How does this impact my plans?
You may be thinking, “This is great information, but I have a great forecasting process so I don’t need to worry about understanding underlying patterns in my data.” Not so fast. Although forecasts can give you a more precise look at the day-to-day or week-to-week predictions, understanding the hidden patterns in your data allows you to make more general decisions and can impact how you plan on an ongoing basis.
Let’s look at some examples:
- Workforce planning and customer support team staffing: You work for a technology company supporting financial planning. Seasonality analysis showed you there’s an increase in support cases logged at the end of the month when more users are in the system. Managers can use this information to increase staffing levels for support analysts during that period relative to other times of the month, or they can move all non-case-related work earlier in the month to free analysts to focus on customer cases, increasing customer satisfaction.
- Supply chain and demand planning for a clothing retailer: You’re part of the demand management team at a global clothing retailer. You ran a trend analysis exercise and saw there’s a general upward trend for a racer-back tank tops for women and a downward trend for the women’s scoop-necked t-shirt. Knowing this, you can increase inventory for the racer-back shirt and decrease inventory for the scoop-neck shirt to increase revenues and reduce inventory carrying costs.
- Finance and operating expenses planning: You’re on the finance team for a large mining company. You need to understand costs and forecast what revenue needs to be earned to meet company goals. After running a trend analysis on your historical data, you noticed the cost of machinery maintenance increased during the past couple of years. Armed with this insight, you analyze mining operations and uncover efficiencies to improve the deployment of equipment and reduce wear and tear, lowering maintenance costs and saving the company hundreds of thousands of dollars each year.
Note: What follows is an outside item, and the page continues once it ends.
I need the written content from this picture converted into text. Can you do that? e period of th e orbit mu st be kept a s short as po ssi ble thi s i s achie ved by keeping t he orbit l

- Reporting and getting future plan buy-in from executive leadership: You ran your forecasts and built an ambitious plan based on the results. Now you need executive buy-in for your plan. Thankfully, your forecasting tool provides a breakdown of the seasonality and trend patterns hidden in your data. You present this information with your plans to build trust in the forecasts and demonstrate that what initially seems like an extremely ambitious plan aligns with historic trends and demand patterns.
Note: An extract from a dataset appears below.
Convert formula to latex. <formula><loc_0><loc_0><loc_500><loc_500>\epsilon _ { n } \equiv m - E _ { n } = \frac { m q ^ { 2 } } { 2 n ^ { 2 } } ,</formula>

Although forecasts can never be 100% accurate, understanding the hidden patterns in your data can help planners make better decisions about the future. PlanIQ automatically breaks down historical data to show you seasonal and trend patterns hidden in your data. This data is added to the results export, making it easy to bring the results into Anaplan, allowing analysts and planners to work with the data easily and present it to executives to drive trust in plans.